肩を落としたまま部屋へと入っていった泰…お尻を見送った。

皿洗いに戻った私のお腹に感じた温もり、温もりは背中にも感じ後ろから抱きしめられているのが分かった。


「どうしたの?」


泡の着いた手を洗い流し、濡れたままの手で振り返った。

振り返ると同時に、バチッと視線が交わり、


「ふふっ」


「笑うな。」


不機嫌そうにムスッとした健吾を見て、口から笑い声が漏れた。


「見てんじゃねぇよ。」


「えっ?」


「泰のち…--「あぁーーーー!」」


健吾の言葉を遮るために、口を両手で抑えた。



口を抑えた私の手を、健吾は離し


「今日、抱くから。」


赤く染まった頬にキスを落とした。

固まる私に、優しく笑いかけた健吾は頭を撫で


「じゃぁ、学校行ってくんな。

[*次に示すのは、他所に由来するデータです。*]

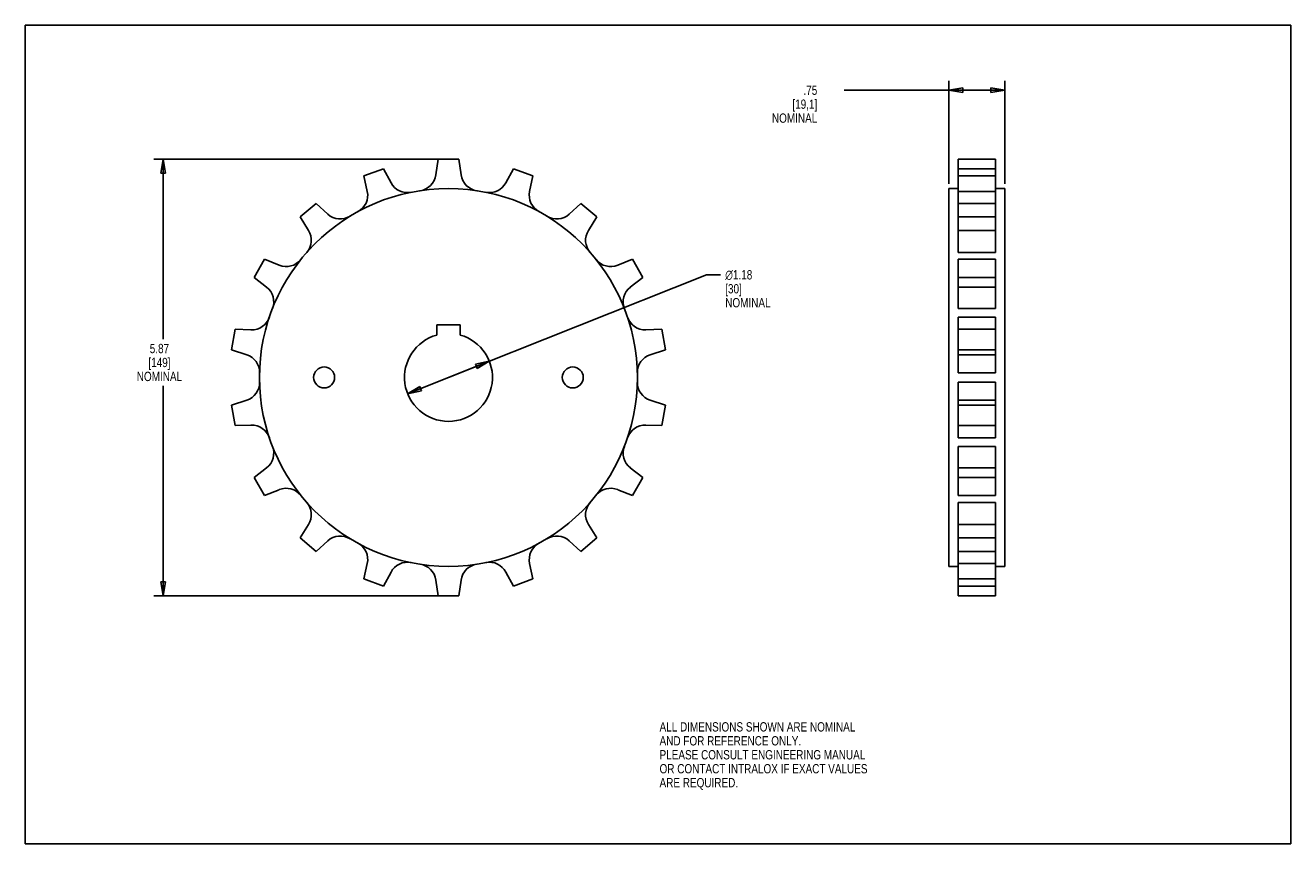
# Model space of a CAD drawing. Header units: inches. Extents: x 0 to 17, y 0 to 11.
import ezdxf

# ---------------------------------------------------------------- set-up
doc = ezdxf.new("R2010")
doc.units = ezdxf.units.IN
doc.header["$LTSCALE"] = 0.935
doc.header["$MEASUREMENT"] = 0
doc.layers.get('0').update_dxf_attribs({"linetype": 'CONTINUOUS'})
doc.layers.add('ALL_FEATURES', color=7, linetype='CONTINUOUS')
doc.styles.get("Standard").update_dxf_attribs({"font": 'txt', "width": 0.8})
doc.styles.add('TEXTSTYLE_1', font='gdt', dxfattribs={"width": 0.8})
doc.dimstyles.new('DIMSTYLE_1', dxfattribs={"dimtxt": 0.125, "dimasz": 0.1875, "dimexe": 0.18, "dimexo": 0.0625, "dimgap": 0.09, "dimtad": 0, "dimtih": 1, "dimtoh": 1, "dimzin": 4, "dimdsep": 46, "dimtxsty": 'STANDARD', "dimblk": 'CLOSED', "dimblk1": 'CLOSED', "dimblk2": 'CLOSED', "dimcen": 0.09, "dimadec": 0, "dimazin": 0, "dimtp": 0.01, "dimtm": 0.01, "dimtfac": 1, "dimtofl": 0, "dimtmove": 0, "dimatfit": 3, "dimldrblk": 'CLOSED', "dimfxl": 1, "dimtolj": 1, "dimtzin": 4, "dimarcsym": 0})
doc.dimstyles.new('DIMSTYLE_2', dxfattribs={"dimtxt": 0.125, "dimasz": 0.1875, "dimexe": 0.18, "dimexo": 0.0625, "dimgap": 0.09, "dimtad": 0, "dimtih": 1, "dimtoh": 1, "dimzin": 4, "dimdsep": 46, "dimtxsty": 'STANDARD', "dimblk": 'CLOSED', "dimblk1": 'CLOSED', "dimblk2": 'CLOSED', "dimcen": 0.09, "dimadec": 0, "dimazin": 0, "dimtp": 0.01, "dimtm": 0.01, "dimtfac": 1, "dimtofl": 0, "dimtmove": 0, "dimatfit": 3, "dimldrblk": 'CLOSED', "dimfxl": 1, "dimtolj": 1, "dimtzin": 4, "dimarcsym": 0})

# ---------------------------------------------------------------- blocks, each defined once
blk = doc.blocks.new('_CLOSED')
at = {"color": 0, "linetype": 'BYBLOCK'}
for p, q in [((0, 0), (-1, 0.167)), ((-1, 0.167), (-1, -0.167)), ((-1, -0.167), (0, 0)), ((-1, 0), (0, 0))]:
    blk.add_line(p, q, dxfattribs=at)
blk = doc.blocks.new('*D0')
at = {"color": 3, "linetype": 'CONTINUOUS'}
for p, q in [((5.762, 9.201), (1.727, 9.201)), ((1.852, 9.201), (1.852, 6.781)), ((1.852, 3.333), (1.852, 6.156)), ((5.762, 3.333), (1.727, 3.333))]:
    blk.add_line(p, q, dxfattribs=at)
at = {"color": 3, "linetype": 'CONTINUOUS', "xscale": 0.1875, "yscale": 0.1875, "zscale": 0.1875}
for p, rotation in [((1.852, 9.201), 90), ((1.852, 3.333), 270)]:
    blk.add_blockref('_CLOSED', p, dxfattribs=dict(at, rotation=rotation))
at = {"color": 3, "linetype": 'CONTINUOUS', "insert": (1.802, 6.718), "char_height": 0.125, "width": 0.7, "attachment_point": 2, "line_spacing_factor": 0.9}
blk.add_mtext('5.87\\P[149]\\PNOMINAL', dxfattribs=at)
blk = doc.blocks.new('*D1')
at = {"color": 3, "linetype": 'CONTINUOUS'}
for p, q in [((12.409, 8.868), (12.409, 10.253)), ((13.159, 8.868), (13.159, 10.253)), ((12.784, 10.128), (11.002, 10.128)), ((12.409, 10.128), (12.784, 10.128)), ((13.159, 10.128), (12.784, 10.128))]:
    blk.add_line(p, q, dxfattribs=at)
at = {"color": 3, "linetype": 'CONTINUOUS', "xscale": 0.1875, "yscale": 0.1875, "zscale": 0.1875}
for p, rotation in [((12.409, 10.128), 180), ((13.159, 10.128), 360)]:
    blk.add_blockref('_CLOSED', p, dxfattribs=dict(at, rotation=rotation))
at = {"color": 3, "linetype": 'CONTINUOUS', "insert": (10.64, 10.19), "char_height": 0.125, "width": 0.7, "attachment_point": 3, "line_spacing_factor": 0.9}
blk.add_mtext('.75\\P[19,1]\\PNOMINAL', dxfattribs=at)
blk = doc.blocks.new('*D2')
at = {"color": 3, "linetype": 'CONTINUOUS'}
for p, q in [((5.685, 6.267), (9.153, 7.647)), ((9.153, 7.647), (9.341, 7.647)), ((6.234, 6.485), (5.685, 6.267)), ((5.136, 6.048), (5.685, 6.267))]:
    blk.add_line(p, q, dxfattribs=at)
at = {"color": 3, "linetype": 'CONTINUOUS', "xscale": 0.1875, "yscale": 0.1875, "zscale": 0.1875}
for p, rotation in [((6.234, 6.485), 21.7014390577), ((5.136, 6.048), 201.7014390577)]:
    blk.add_blockref('_CLOSED', p, dxfattribs=dict(at, rotation=rotation))
at = {"color": 3, "linetype": 'CONTINUOUS', "insert": (9.403, 7.709), "char_height": 0.125, "width": 0.7, "attachment_point": 1, "line_spacing_factor": 0.9, "style": 'TEXTSTYLE_1'}
blk.add_mtext('{\\Fgdt;n}\\Ftxt;1.18\\P[30]\\PNOMINAL', dxfattribs=at)

msp = doc.modelspace()

# ---------------------------------------------------------------- linework, layer by layer
at = {"color": 7, "linetype": 'CONTINUOUS'}
for p, q in [((0, 0), (0, 11)), ((0, 11), (17, 11)), ((17, 0), (17, 11)), ((4.813, 9.072), (4.55, 8.976)), ((4.913, 8.884), (4.813, 9.072)), ((6.557, 9.072), (6.457, 8.884)), ((6.82, 8.976), (6.557, 9.072)), ((12.534, 7.946), (12.534, 9.072)), ((13.034, 9.072), (12.534, 9.072)), ((13.034, 7.946), (13.034, 9.072)), ((4.55, 8.976), (4.594, 8.768)), ((6.775, 8.768), (6.82, 8.976)), ((13.034, 8.976), (12.534, 8.976)), ((12.409, 3.728), (12.409, 8.806)), ((13.034, 8.768), (12.534, 8.768)), ((13.159, 3.728), (13.159, 8.806)), ((3.906, 8.604), (3.692, 8.424)), ((4.064, 8.462), (3.906, 8.604)), ((7.464, 8.604), (7.306, 8.462)), ((7.678, 8.424), (7.464, 8.604)), ((13.034, 8.604), (12.534, 8.604)), ((3.692, 8.424), (3.805, 8.244)), ((7.565, 8.244), (7.678, 8.424)), ((13.034, 8.424), (12.534, 8.424)), ((13.034, 8.244), (12.534, 8.244)), ((3.214, 7.855), (3.074, 7.612)), ((3.411, 7.775), (3.214, 7.855)), ((8.156, 7.855), (7.959, 7.775)), ((8.296, 7.612), (8.156, 7.855)), ((13.034, 7.946), (12.534, 7.946)), ((12.534, 7.193), (12.534, 7.855)), ((13.034, 7.855), (12.534, 7.855)), ((13.034, 7.193), (13.034, 7.855)), ((3.074, 7.612), (3.242, 7.482)), ((8.128, 7.482), (8.296, 7.612)), ((13.034, 7.612), (12.534, 7.612)), ((13.034, 7.482), (12.534, 7.482)), ((13.034, 7.193), (12.534, 7.193)), ((12.534, 6.329), (12.534, 7.076)), ((13.034, 7.076), (12.534, 7.076)), ((13.034, 6.329), (13.034, 7.076)), ((2.82, 6.914), (2.771, 6.638)), ((3.032, 6.906), (2.82, 6.914)), ((8.55, 6.914), (8.337, 6.906)), ((8.599, 6.638), (8.55, 6.914)), ((13.034, 6.914), (12.534, 6.914)), ((2.771, 6.638), (2.974, 6.573)), ((8.396, 6.573), (8.599, 6.638)), ((13.034, 6.638), (12.534, 6.638)), ((13.034, 6.573), (12.534, 6.573)), ((13.034, 6.329), (12.534, 6.329)), ((12.534, 5.457), (12.534, 6.205)), ((13.034, 6.205), (12.534, 6.205)), ((13.034, 5.457), (13.034, 6.205)), ((2.974, 5.961), (2.771, 5.895)), ((8.599, 5.895), (8.396, 5.961)), ((13.034, 5.961), (12.534, 5.961)), ((2.771, 5.895), (2.82, 5.619)), ((8.55, 5.619), (8.599, 5.895)), ((13.034, 5.895), (12.534, 5.895)), ((2.82, 5.619), (3.032, 5.627)), ((8.337, 5.627), (8.55, 5.619)), ((13.034, 5.619), (12.534, 5.619)), ((13.034, 5.457), (12.534, 5.457)), ((13.034, 5.34), (12.534, 5.34)), ((12.534, 4.678), (12.534, 5.34)), ((13.034, 4.678), (13.034, 5.34)), ((3.242, 5.052), (3.074, 4.921)), ((8.296, 4.921), (8.128, 5.052)), ((13.034, 5.052), (12.534, 5.052)), ((3.074, 4.921), (3.214, 4.678)), ((8.156, 4.678), (8.296, 4.921)), ((13.034, 4.921), (12.534, 4.921)), ((3.214, 4.678), (3.411, 4.758)), ((7.959, 4.758), (8.156, 4.678)), ((13.034, 4.678), (12.534, 4.678)), ((13.034, 4.588), (12.534, 4.588)), ((12.534, 3.333), (12.534, 4.588)), ((13.034, 3.333), (13.034, 4.588)), ((3.805, 4.289), (3.692, 4.109)), ((7.678, 4.109), (7.565, 4.289)), ((13.034, 4.289), (12.534, 4.289)), ((3.692, 4.109), (3.906, 3.929)), ((7.464, 3.929), (7.678, 4.109)), ((13.034, 4.109), (12.534, 4.109)), ((3.906, 3.929), (4.064, 4.072)), ((7.306, 4.072), (7.464, 3.929)), ((13.034, 3.929), (12.534, 3.929)), ((4.594, 3.766), (4.55, 3.558)), ((6.82, 3.558), (6.775, 3.766)), ((13.034, 3.766), (12.534, 3.766)), ((4.813, 3.462), (4.913, 3.65)), ((6.457, 3.65), (6.557, 3.462)), ((4.55, 3.558), (4.813, 3.462)), ((5.516, 3.543), (5.545, 3.333)), ((5.825, 3.333), (5.854, 3.543)), ((6.557, 3.462), (6.82, 3.558)), ((13.034, 3.558), (12.534, 3.558)), ((13.034, 3.462), (12.534, 3.462)), ((5.545, 3.333), (5.825, 3.333)), ((13.034, 3.333), (12.534, 3.333)), ((0, 0), (17, 0))]:
    msp.add_line(p, q, dxfattribs=at)
msp.add_circle((5.685, 6.267), 2.539, dxfattribs=at)
for centre, start, end in [((5.134, 9.001), 207.914, 281.4028), ((6.236, 9.001), 258.5972, 332.086), ((4.35, 8.715), 298.5972, 12.086), ((7.02, 8.715), 167.914, 241.4028), ((4.232, 8.647), 227.914, 301.4028), ((7.138, 8.647), 238.5972, 312.086), ((3.593, 8.111), 318.5972, 32.086), ((7.777, 8.111), 147.914, 221.4028), ((3.505, 8.007), 247.914, 321.4028), ((7.865, 8.007), 218.5972, 292.086), ((3.088, 7.284), 338.5972, 52.086), ((8.282, 7.284), 127.914, 201.4028), ((3.042, 7.156), 267.914, 341.4028), ((8.328, 7.156), 198.5972, 272.086), ((2.897, 6.335), 358.5972, 72.086), ((8.473, 6.335), 107.914, 181.4028), ((2.897, 6.198), 287.914, 1.4028), ((8.473, 6.198), 178.5972, 252.086), ((3.042, 5.377), 18.5972, 92.086), ((8.328, 5.377), 87.914, 161.4028), ((3.088, 5.249), 307.914, 21.4028), ((8.282, 5.249), 158.5972, 232.086), ((3.505, 4.527), 38.5972, 112.086), ((7.865, 4.527), 67.914, 141.4028), ((3.593, 4.422), 327.914, 41.4028), ((7.777, 4.422), 138.5972, 212.086), ((4.232, 3.886), 58.5972, 132.086), ((7.138, 3.886), 47.914, 121.4028), ((4.35, 3.818), 347.914, 61.4028), ((7.02, 3.818), 118.5972, 192.086), ((5.134, 3.533), 78.5972, 152.086), ((5.268, 3.509), 7.914, 81.4028), ((6.102, 3.509), 98.5972, 172.086), ((6.236, 3.533), 27.914, 101.4028)]:
    msp.add_arc(centre, 0.25, start, end, dxfattribs=at)
at = {"layer": 'ALL_FEATURES', "color": 7, "linetype": 'CONTINUOUS'}
for p, q in [((5.545, 9.201), (5.516, 8.99)), ((5.825, 9.201), (5.545, 9.201)), ((5.854, 8.99), (5.825, 9.201)), ((12.534, 9.072), (12.534, 9.201)), ((13.034, 9.201), (12.534, 9.201)), ((13.034, 9.072), (13.034, 9.201)), ((12.534, 8.806), (12.409, 8.806)), ((13.159, 8.806), (13.034, 8.806)), ((5.527, 6.974), (5.527, 6.836)), ((5.842, 6.974), (5.527, 6.974)), ((5.842, 6.836), (5.842, 6.974)), ((12.534, 3.728), (12.409, 3.728)), ((13.159, 3.728), (13.034, 3.728))]:
    msp.add_line(p, q, dxfattribs=at)
for centre in [(4.015, 6.267), (7.355, 6.267)]:
    msp.add_circle(centre, 0.141, dxfattribs=at)
for centre, radius, start, end in [((5.268, 9.024), 0.25, 278.5972, 352.086), ((6.102, 9.024), 0.25, 187.914, 261.4028), ((5.685, 6.267), 0.591, 105.4694, 74.5306)]:
    msp.add_arc(centre, radius, start, end, dxfattribs=at)

# ---------------------------------------------------------------- texts
at = {"color": 3, "linetype": 'CONTINUOUS', "insert": (8.521, 1.633), "char_height": 0.125, "width": 3.5, "attachment_point": 1, "line_spacing_factor": 0.9}
msp.add_mtext('ALL DIMENSIONS SHOWN ARE NOMINAL\\PAND FOR REFERENCE ONLY.\\PPLEASE CONSULT ENGINEERING MANUAL\\POR CONTACT INTRALOX IF EXACT VALUES\\PARE REQUIRED. ', dxfattribs=at)

# ---------------------------------------------------------------- dimensions: what is measured, and where the dimension line sits
at = {"color": 3, "linetype": 'CONTINUOUS'}
dim = msp.add_linear_dim(base=(13.159, 10.128), p1=(12.409, 8.868), p2=(13.159, 8.868), text='<>\\PNOMINAL', dimstyle='DIMSTYLE_1', dxfattribs=at)
dim.commit()
dim.dimension.update_dxf_attribs({"geometry": '*D1', "text_midpoint": (10.19, 9.94), "dimtype": 160})
dim = msp.add_linear_dim(base=(1.852, 3.333), p1=(5.762, 9.201), p2=(5.762, 3.333), angle=270, text='<>\\PNOMINAL', dimstyle='DIMSTYLE_1', dxfattribs=at)
dim.commit()
dim.dimension.update_dxf_attribs({"geometry": '*D0', "text_midpoint": (1.602, 6.468), "dimtype": 160})
dim = msp.add_diameter_dim_2p(p1=(6.234, 6.485), p2=(5.136, 6.048), text='<>\\PNOMINAL', dimstyle='DIMSTYLE_2', dxfattribs=at)
dim.commit()
dim.dimension.update_dxf_attribs({"geometry": '*D2', "text_midpoint": (9.753, 7.459), "dimtype": 163})

doc.saveas('drawing.dxf')

」


リビングを後にした--…




(今日、抱くから。)


頭を占領する健吾の言葉。



健吾の所に来て約2ヶ月。

健吾は触れるだけのキス以外、私に触れることはなかった。


そろそろかなって考えていた私は、まさか予告されるとは思ってなかった。


抱かれてもいいんだよね?


この2ヶ月間、健吾と過ごし健吾は私にとって失いたくない大切な人となった。
私達を無理矢理引き離した健吾。

愛情ではない。
友情でもない。
この気持ちに名前をつけるのは難しい。


そんな中途半端な気持ちでも、抱かれてもいいて思ってしまう。